Chris: Yeah, I think awareness of God’s work comes via testimony, and I think that’s a hard thing for sophisticated modern people like us to learn how to do—to talk about unwieldy and mysterious things of God with passion and gratefulness without sounding like lunatics, and sometimes you can’t help it.
But I’ve learned a lot about this with my kids in the last decade—swimming against this disenchanting tide in order to re-enchant the world. Not that we’re doing anything, but rather we’re learning to notice and expect and narrate what God is already doing. I want them to have a vivid imagination for how God is working without leaning on tired religious speech that’s empty. I’ve been trying to really discipline myself with a certain way of talking, with a certain expectation. So, when they come to me with a paper cut, we talk about how God will heal them; we ask God to heal them.
Less we forget in our forgetfulness that that healing is somehow natural or that it’s not a gift from God, no matter how minute or how normal it seems. How can we expect God to arrive, to act, to intervene in big ways (God forbid, if we want someone to be healed of cancer or after a car accident), if God hasn’t been the healer all along of rug burns and paper cuts and scrapes and bruises from learning how to ride our bikes and from self-imposed, damage we’ve done to ourselves? That’s one thing is re-enchanting our normal speech to create an expectation.

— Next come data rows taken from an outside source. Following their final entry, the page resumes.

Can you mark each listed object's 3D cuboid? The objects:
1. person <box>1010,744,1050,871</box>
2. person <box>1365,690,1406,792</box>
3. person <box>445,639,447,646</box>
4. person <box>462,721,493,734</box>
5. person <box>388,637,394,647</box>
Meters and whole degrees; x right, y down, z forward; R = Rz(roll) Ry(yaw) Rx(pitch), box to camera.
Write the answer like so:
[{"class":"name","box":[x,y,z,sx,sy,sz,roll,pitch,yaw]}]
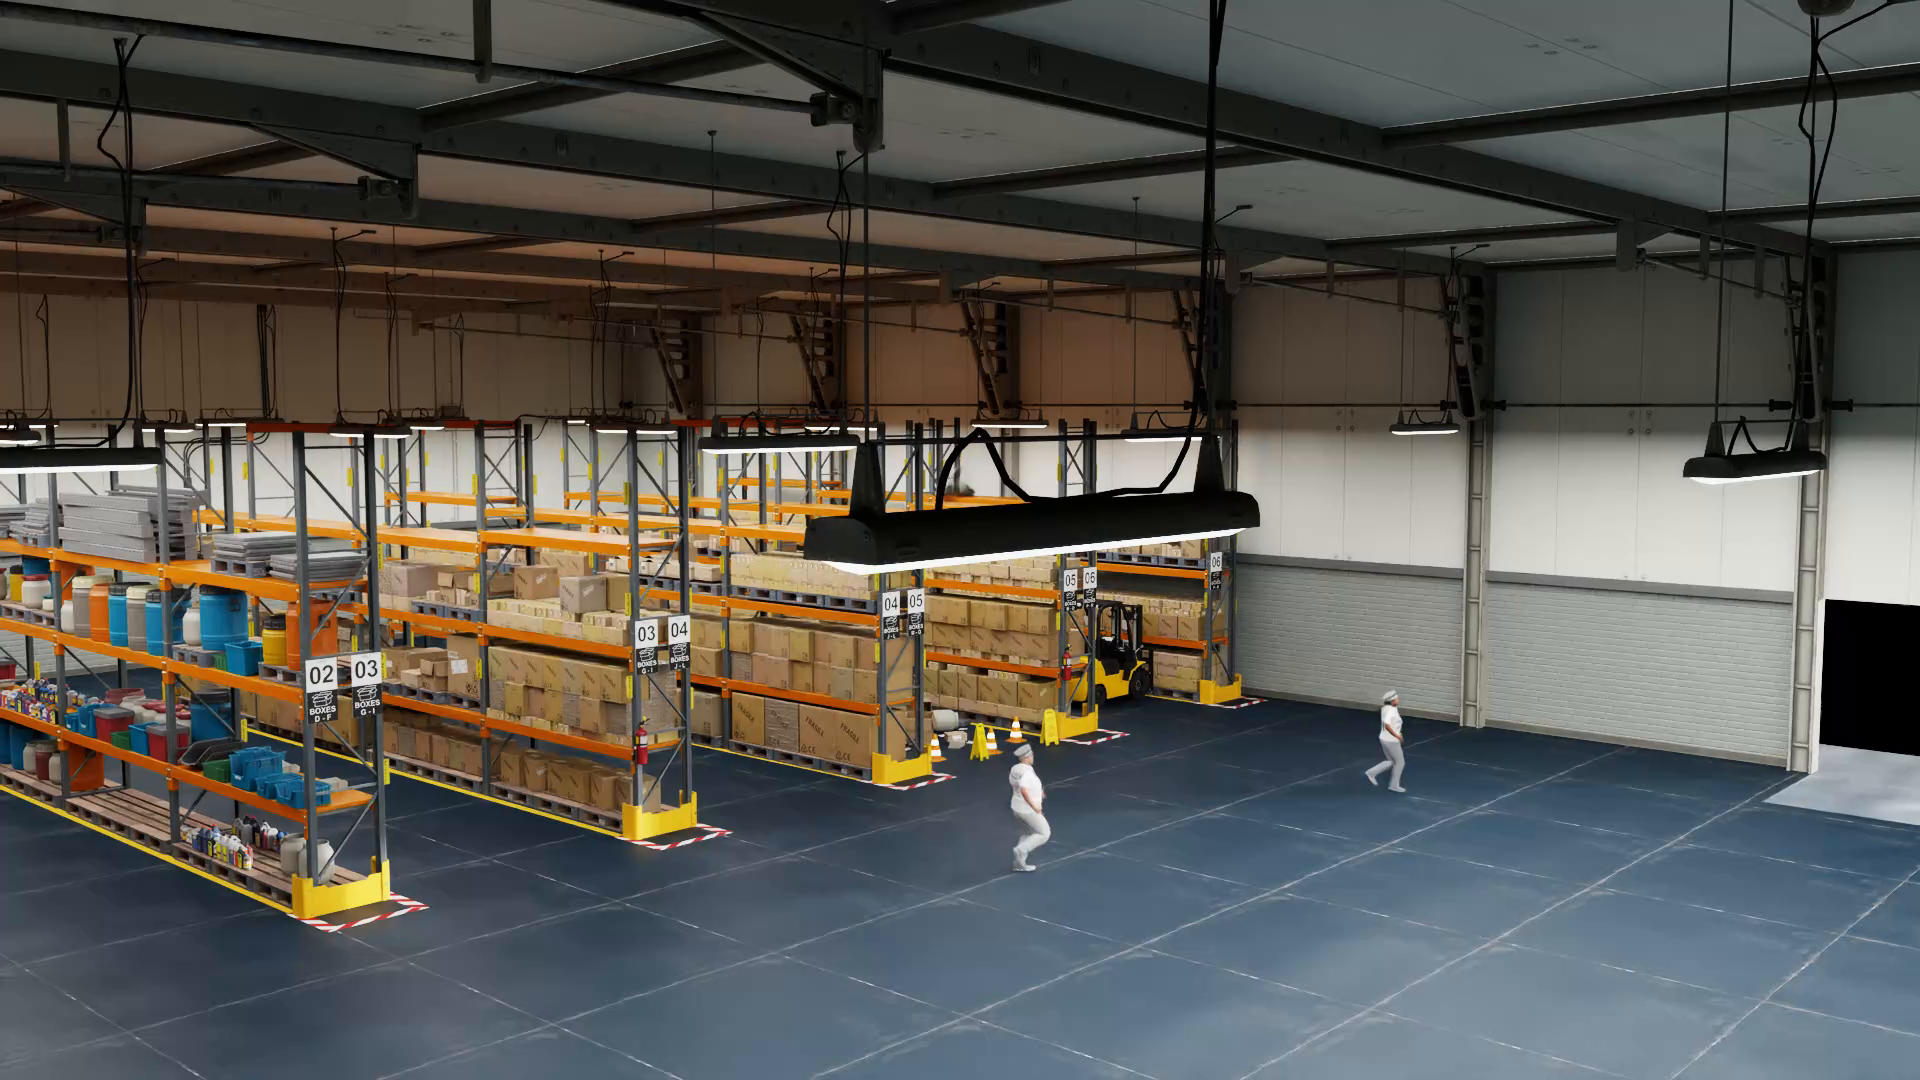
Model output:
[{"class":"person","box":[0.941,3.623,22.506,0.591,1.739,0.658,-2,5,-25]},{"class":"person","box":[6.979,3.283,27.149,0.659,1.685,0.587,0,5,1]},{"class":"person","box":[-12.546,2.173,41.223,0.563,1.617,0.576,-5,6,-44]},{"class":"person","box":[-9.125,2.883,31.384,0.801,1.822,0.641,3,6,35]},{"class":"person","box":[-11.379,2.772,33.396,0.552,1.648,0.597,4,6,38]}]

In terms of the passages, that “humiliated opponents,” I don’t know, maybe that’s not such a bad thing. It feels bad, in the midst of it when you are being brought down, humbled, subverted, surprised, but what if that is actually a gift? I think about the rich young ruler who came to Jesus, and it says that he went away sad because he had so much, but it leaves it really open-ended. He still might have embraced that as a gift and a calling and just did an accurate accounting of his life.
What if instead of when we find out we’re wrong or when we find out we actually missed out on what God has been doing all along, what if instead of doubling down or powering up or circling wagons or defending, what if there was an expectation that God was also working in us being wrong? And then there’s time and space to change our minds. There’s not a whole lot of value in that. It’ll be interesting if Elon Musk gives Twitter an edit button because we’re so used to our whole lives becoming un-editable hot takes that we can’t take back. So, we just double down and trench.

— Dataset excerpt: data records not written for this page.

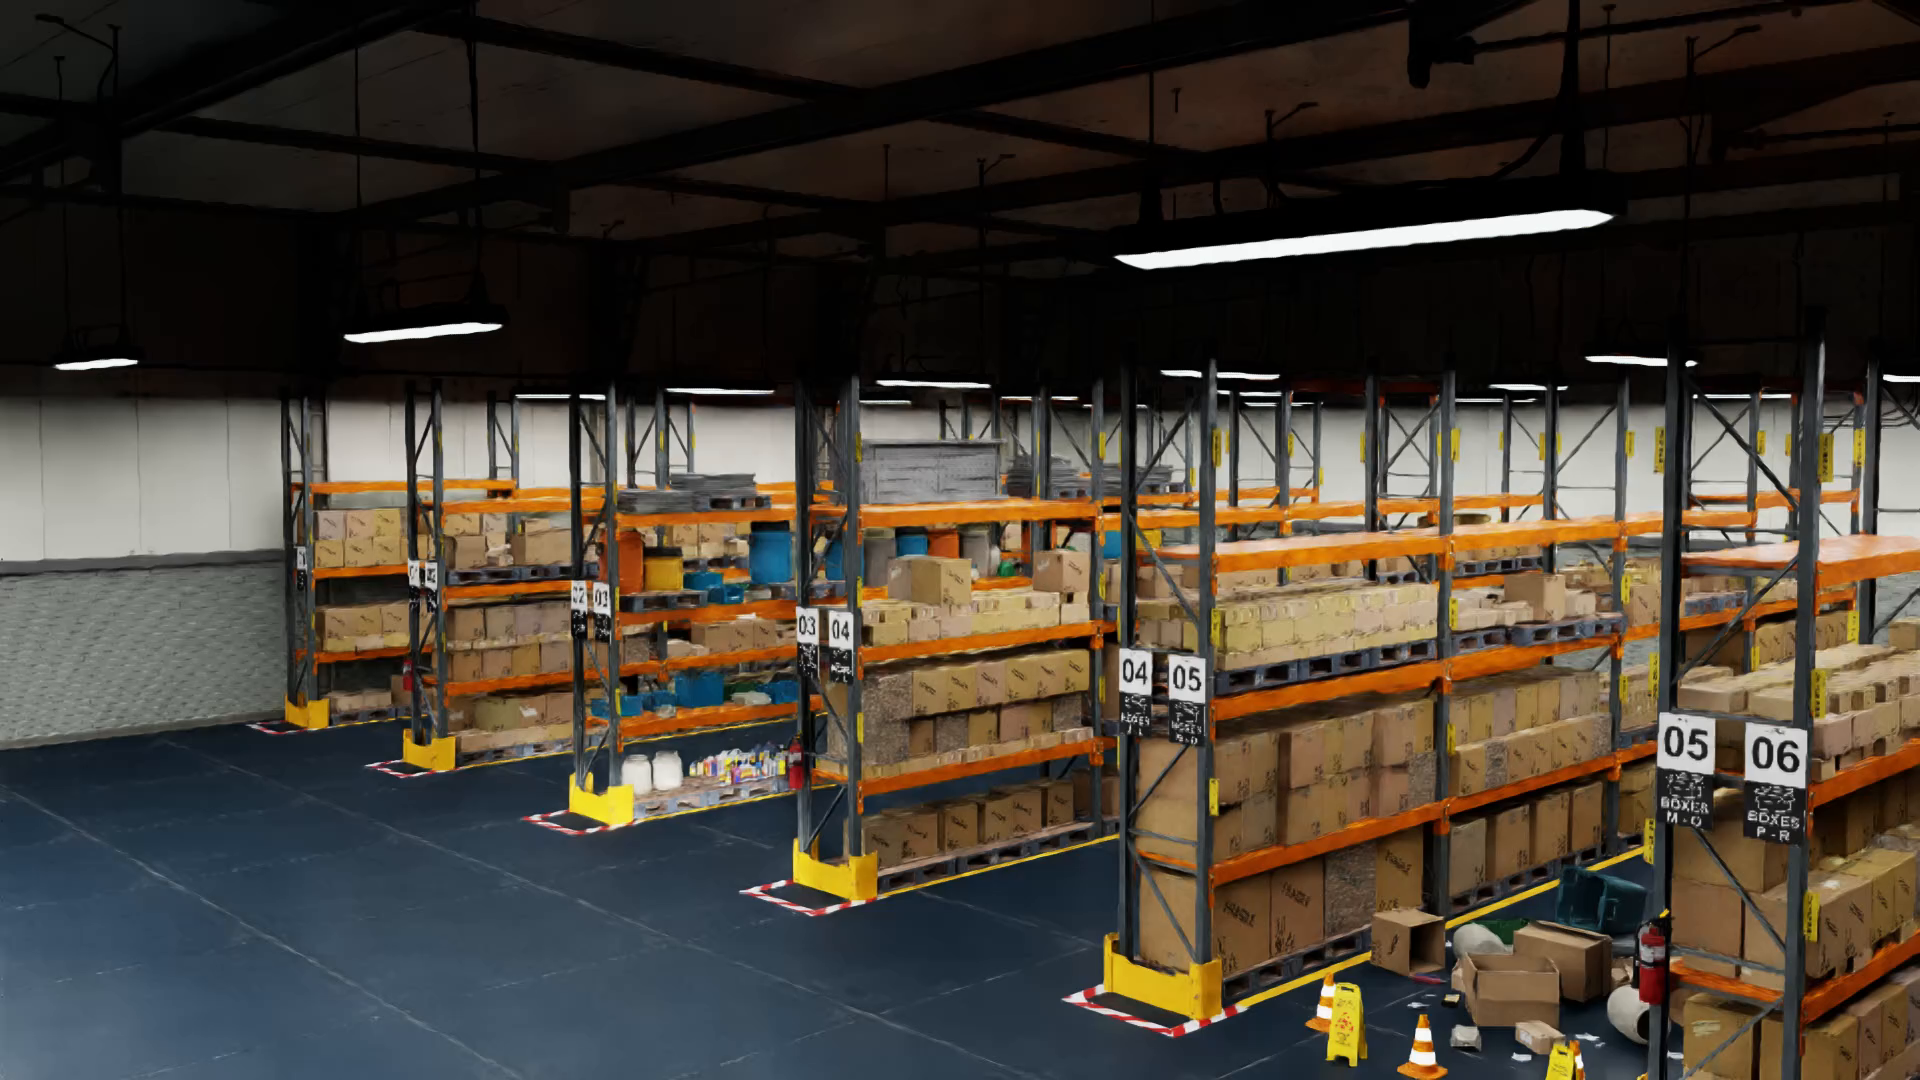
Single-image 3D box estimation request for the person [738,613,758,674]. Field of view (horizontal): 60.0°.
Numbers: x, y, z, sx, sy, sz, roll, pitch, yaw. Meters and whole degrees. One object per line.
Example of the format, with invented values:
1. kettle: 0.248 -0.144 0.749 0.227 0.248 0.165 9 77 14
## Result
1. person: -4.317 2.063 34.404 0.469 1.766 0.642 2 4 25

I don’t know. What if that is also a gift from God, proving us wrong and not in a vicious way, but in a gracious way? It’s not like divine gas lighting, but a way that can make us people able to ask forgiveness because we realize that we are often wrong.
Anthony: Well, it seems to me it ties back into being ready, right? As the Spirit woos us into greater maturity into the head, Jesus, it looks like that. And humiliation is painful, but it’s like our mutual friend, Jeff McSwain—I’ve heard him say often, “Life is just ongoing repentance.” Every day, it’s oh, I got that wrong! But we have one who knows what it looks like to condescend. And thanks be to God for that.

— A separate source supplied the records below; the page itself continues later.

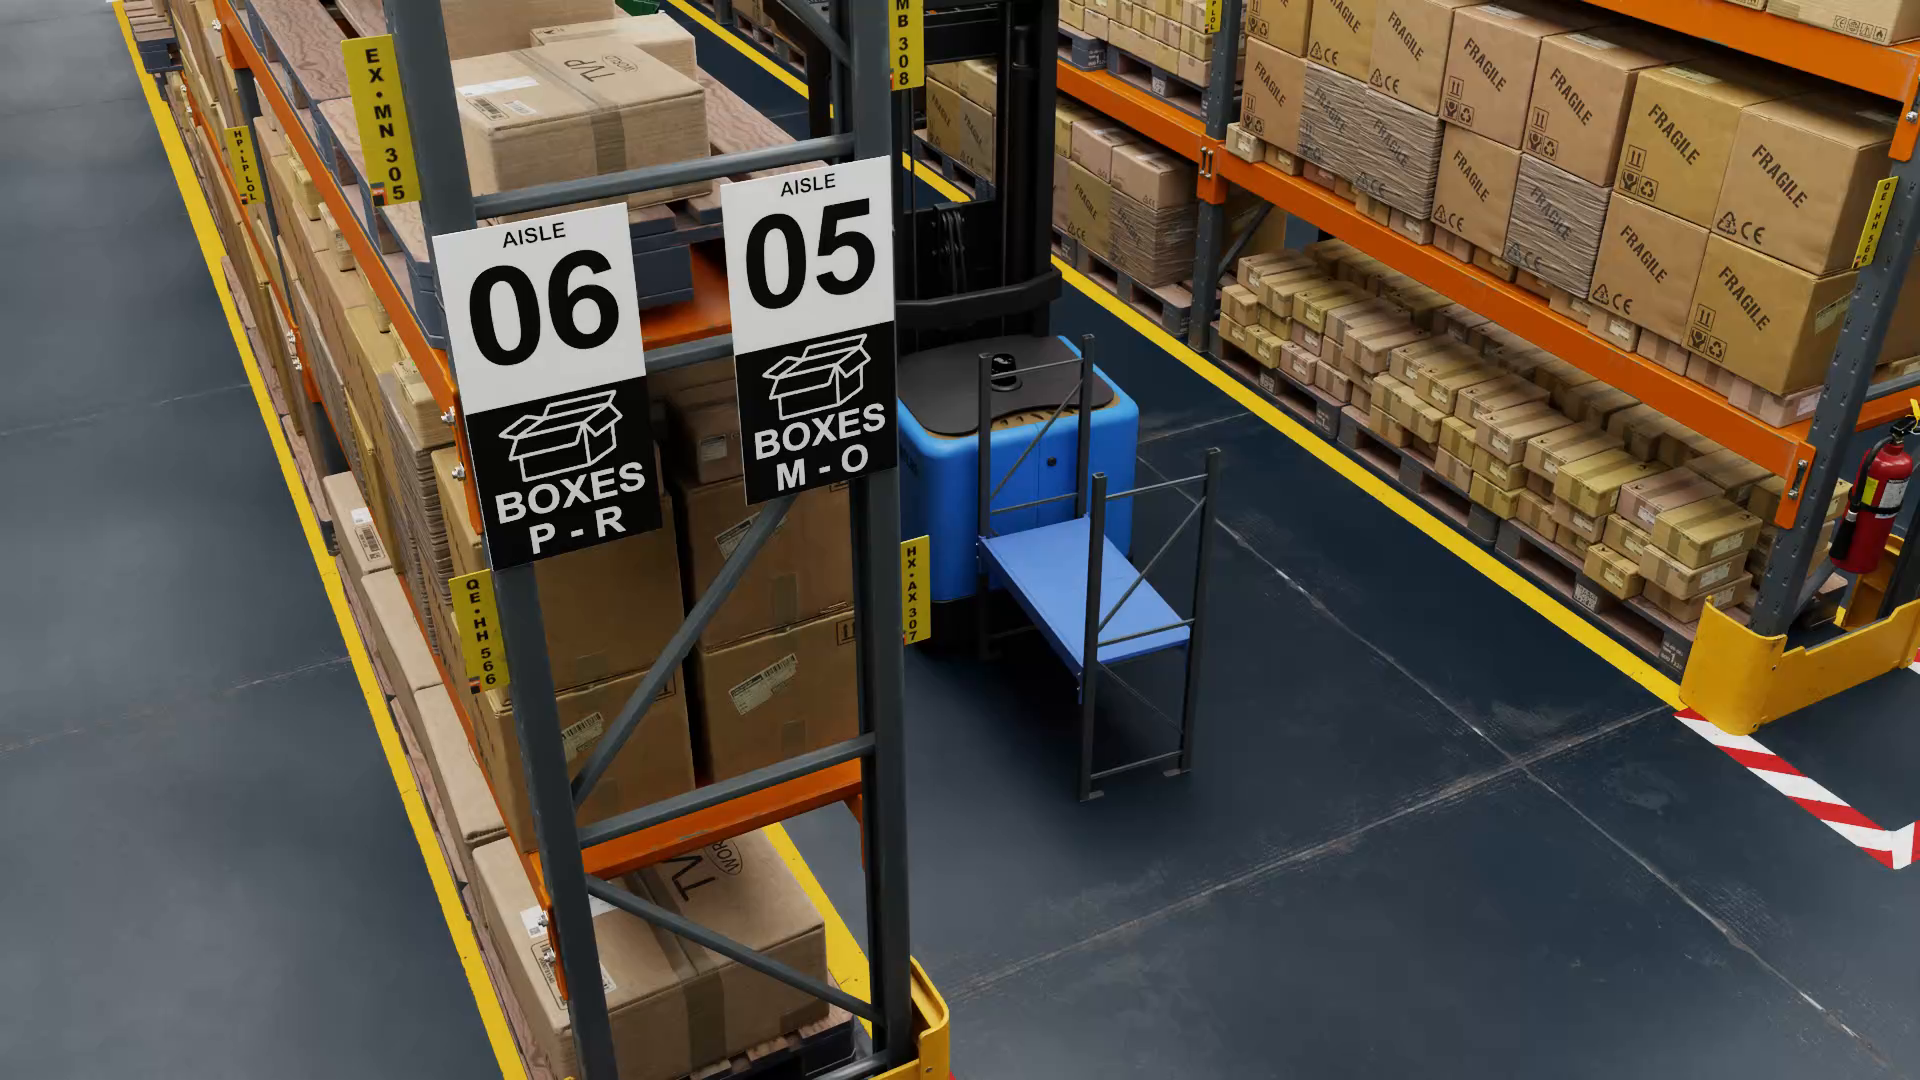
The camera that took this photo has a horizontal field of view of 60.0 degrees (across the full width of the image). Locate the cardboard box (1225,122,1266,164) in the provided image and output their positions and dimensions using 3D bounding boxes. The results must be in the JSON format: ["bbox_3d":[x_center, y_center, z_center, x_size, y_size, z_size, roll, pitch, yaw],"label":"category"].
[{"bbox_3d":[1.691,-2.207,9.148,0.380,0.149,0.250,-15,35,-21],"label":"cardboard box"}]

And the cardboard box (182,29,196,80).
[{"bbox_3d":[-4.091,-2.743,9.426,0.500,0.250,0.500,-15,36,-22],"label":"cardboard box"}]

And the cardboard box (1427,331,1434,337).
[{"bbox_3d":[2.721,-1.051,9.088,0.380,0.149,0.250,-15,36,-22],"label":"cardboard box"}]

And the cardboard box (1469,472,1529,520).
[{"bbox_3d":[2.726,-0.262,8.132,0.380,0.149,0.250,-18,37,-25],"label":"cardboard box"}]

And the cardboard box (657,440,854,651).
[{"bbox_3d":[-0.590,-0.092,4.594,0.500,0.500,0.500,-17,36,-24],"label":"cardboard box"}]

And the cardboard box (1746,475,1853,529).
[{"bbox_3d":[3.770,-0.184,7.459,0.380,0.149,0.250,-18,37,-25],"label":"cardboard box"}]

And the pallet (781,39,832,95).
[{"bbox_3d":[-0.882,-4.242,14.676,1.003,0.211,1.213,-16,36,-23],"label":"pallet"}]

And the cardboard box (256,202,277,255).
[{"bbox_3d":[-2.904,-1.534,7.539,0.500,0.250,0.500,-16,36,-23],"label":"cardboard box"}]

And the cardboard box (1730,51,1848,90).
[{"bbox_3d":[3.498,-1.730,6.875,0.500,0.500,0.500,-15,36,-22],"label":"cardboard box"}]

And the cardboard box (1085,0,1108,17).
[{"bbox_3d":[1.000,-3.366,10.290,0.380,0.149,0.250,-18,37,-26],"label":"cardboard box"}]

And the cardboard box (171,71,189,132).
[{"bbox_3d":[-5.628,-3.534,13.032,0.950,0.372,0.625,-14,35,-20],"label":"cardboard box"}]

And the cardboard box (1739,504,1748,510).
[{"bbox_3d":[3.619,-0.183,7.732,0.380,0.149,0.250,-16,36,-23],"label":"cardboard box"}]

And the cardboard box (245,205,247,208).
[{"bbox_3d":[-3.370,-1.814,8.439,0.500,0.250,0.500,-17,36,-24],"label":"cardboard box"}]

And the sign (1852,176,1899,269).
[{"bbox_3d":[3.213,-1.112,5.839,0.100,0.325,0.005,-16,36,-23],"label":"sign"}]

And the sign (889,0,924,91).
[{"bbox_3d":[-0.125,-1.130,3.568,0.100,0.325,0.005,-16,36,-23],"label":"sign"}]

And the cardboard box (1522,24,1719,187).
[{"bbox_3d":[2.794,-1.854,7.067,0.500,0.500,0.500,-14,35,-21],"label":"cardboard box"}]

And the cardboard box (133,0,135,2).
[{"bbox_3d":[-6.965,-4.847,14.500,0.500,0.500,0.500,-15,36,-22],"label":"cardboard box"}]

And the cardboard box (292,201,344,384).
[{"bbox_3d":[-2.017,-0.922,5.889,0.500,0.500,0.500,-15,36,-22],"label":"cardboard box"}]

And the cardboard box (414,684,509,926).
[{"bbox_3d":[-1.449,0.849,6.130,0.875,0.438,0.875,-15,36,-22],"label":"cardboard box"}]

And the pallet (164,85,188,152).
[{"bbox_3d":[-5.849,-3.510,13.533,1.003,0.211,1.213,-16,36,-23],"label":"pallet"}]

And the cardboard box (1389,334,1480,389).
[{"bbox_3d":[2.452,-0.916,8.602,0.380,0.149,0.250,-17,37,-25],"label":"cardboard box"}]

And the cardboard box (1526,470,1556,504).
[{"bbox_3d":[2.937,-0.305,7.923,0.380,0.149,0.250,-16,36,-24],"label":"cardboard box"}]

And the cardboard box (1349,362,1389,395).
[{"bbox_3d":[2.308,-0.907,8.862,0.380,0.149,0.250,-14,35,-21],"label":"cardboard box"}]

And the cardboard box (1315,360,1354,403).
[{"bbox_3d":[2.183,-0.911,9.145,0.380,0.149,0.250,-17,36,-24],"label":"cardboard box"}]

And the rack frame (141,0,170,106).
[{"bbox_3d":[-6.213,-5.055,13.360,1.000,3.000,0.127,-16,36,-23],"label":"rack frame"}]

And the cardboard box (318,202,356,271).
[{"bbox_3d":[-1.872,-1.026,5.450,0.380,0.149,0.250,-16,36,-23],"label":"cardboard box"}]

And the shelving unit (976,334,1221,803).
[{"bbox_3d":[0.506,0.103,6.698,0.538,1.500,1.048,-13,35,-19],"label":"shelving unit"}]

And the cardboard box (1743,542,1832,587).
[{"bbox_3d":[3.752,0.071,7.611,0.380,0.149,0.250,-15,36,-22],"label":"cardboard box"}]

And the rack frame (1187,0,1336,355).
[{"bbox_3d":[1.849,-2.531,9.419,1.000,3.000,0.127,-16,36,-23],"label":"rack frame"}]

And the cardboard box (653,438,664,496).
[{"bbox_3d":[-0.963,-0.186,4.138,0.380,0.149,0.250,-15,36,-22],"label":"cardboard box"}]

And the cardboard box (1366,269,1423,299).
[{"bbox_3d":[2.521,-1.424,9.394,0.380,0.149,0.250,-16,36,-24],"label":"cardboard box"}]

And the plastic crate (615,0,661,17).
[{"bbox_3d":[-3.121,-4.942,15.737,0.450,0.188,0.662,10,33,-4],"label":"plastic crate"}]

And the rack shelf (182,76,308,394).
[{"bbox_3d":[-3.416,-1.889,9.085,1.077,0.370,4.000,-16,36,-23],"label":"rack shelf"}]

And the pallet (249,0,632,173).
[{"bbox_3d":[-1.546,-1.488,5.094,1.003,0.211,1.213,-16,36,-23],"label":"pallet"}]

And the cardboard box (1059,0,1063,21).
[{"bbox_3d":[0.754,-3.489,10.760,0.380,0.149,0.250,-17,36,-25],"label":"cardboard box"}]

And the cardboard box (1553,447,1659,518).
[{"bbox_3d":[2.943,-0.263,7.583,0.380,0.149,0.250,-17,36,-24],"label":"cardboard box"}]

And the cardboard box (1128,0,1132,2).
[{"bbox_3d":[1.121,-3.372,10.024,0.380,0.149,0.250,-16,36,-23],"label":"cardboard box"}]

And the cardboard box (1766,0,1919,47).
[{"bbox_3d":[3.267,-1.972,5.906,0.500,0.250,0.500,-17,36,-24],"label":"cardboard box"}]

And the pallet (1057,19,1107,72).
[{"bbox_3d":[0.943,-3.424,10.992,1.003,0.211,1.213,-16,36,-23],"label":"pallet"}]

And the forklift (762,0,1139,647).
[{"bbox_3d":[-0.238,-1.545,7.944,1.130,2.935,3.031,-13,35,-19],"label":"forklift"}]

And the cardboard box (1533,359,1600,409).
[{"bbox_3d":[3.139,-0.807,8.431,0.380,0.149,0.250,-15,36,-22],"label":"cardboard box"}]

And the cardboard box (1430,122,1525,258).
[{"bbox_3d":[2.573,-1.666,7.701,0.500,0.500,0.500,-14,35,-21],"label":"cardboard box"}]

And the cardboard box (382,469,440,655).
[{"bbox_3d":[-1.547,-0.020,5.409,0.500,0.500,0.500,-15,36,-22],"label":"cardboard box"}]

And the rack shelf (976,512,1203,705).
[{"bbox_3d":[0.506,0.255,6.795,0.538,0.185,1.000,-13,35,-19],"label":"rack shelf"}]

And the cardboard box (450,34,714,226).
[{"bbox_3d":[-0.908,-0.939,3.812,0.500,0.250,0.500,-19,37,-27],"label":"cardboard box"}]

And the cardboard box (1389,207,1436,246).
[{"bbox_3d":[2.348,-1.591,8.186,0.380,0.149,0.250,-14,35,-21],"label":"cardboard box"}]

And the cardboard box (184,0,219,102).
[{"bbox_3d":[-3.635,-2.586,8.486,0.500,0.500,0.500,-15,36,-22],"label":"cardboard box"}]

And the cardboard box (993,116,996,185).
[{"bbox_3d":[0.569,-2.679,11.579,0.500,0.500,0.500,-17,36,-24],"label":"cardboard box"}]

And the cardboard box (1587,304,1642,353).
[{"bbox_3d":[2.959,-0.960,7.201,0.380,0.149,0.250,-15,36,-22],"label":"cardboard box"}]

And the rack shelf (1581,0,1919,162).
[{"bbox_3d":[2.781,-2.536,7.314,1.077,0.370,4.000,-16,36,-23],"label":"rack shelf"}]

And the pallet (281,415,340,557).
[{"bbox_3d":[-2.910,-0.412,8.698,1.003,0.211,1.213,-16,36,-23],"label":"pallet"}]

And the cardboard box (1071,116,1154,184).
[{"bbox_3d":[1.050,-2.511,10.622,0.500,0.250,0.500,-14,35,-21],"label":"cardboard box"}]

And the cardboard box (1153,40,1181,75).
[{"bbox_3d":[1.366,-2.865,9.785,0.380,0.149,0.250,-16,36,-23],"label":"cardboard box"}]

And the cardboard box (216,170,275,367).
[{"bbox_3d":[-3.688,-1.651,9.627,0.875,0.875,0.875,-15,36,-23],"label":"cardboard box"}]

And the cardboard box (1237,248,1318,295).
[{"bbox_3d":[1.826,-1.541,9.577,0.380,0.149,0.250,-14,35,-21],"label":"cardboard box"}]

Small Group Discussion Questions
From Speaking of Life
- Why do we sometimes forget what God has done for us?
- Are there ways that we can intentionally remember God’s goodness to us?
- Are there triggers we can spot in our lives when we are starting to get to a bad place emotionally?
- How can we assist others when we recognize that others are overly negative or depressed?
From the sermon
- According to the sermon, what does it mean to be “straightened up in Christ”?
- How is the life of Christ different from one that is curved inward? Name some things that would typify each life.
- Why do you think that Jesus didn’t wait until after the Sabbath to heal the woman?
- Why do people sometimes place rule-keeping over relationship and the needs of others?
- How can our congregation be less inward-focused and more outward-focused? Where do you think your congregation is in this regard?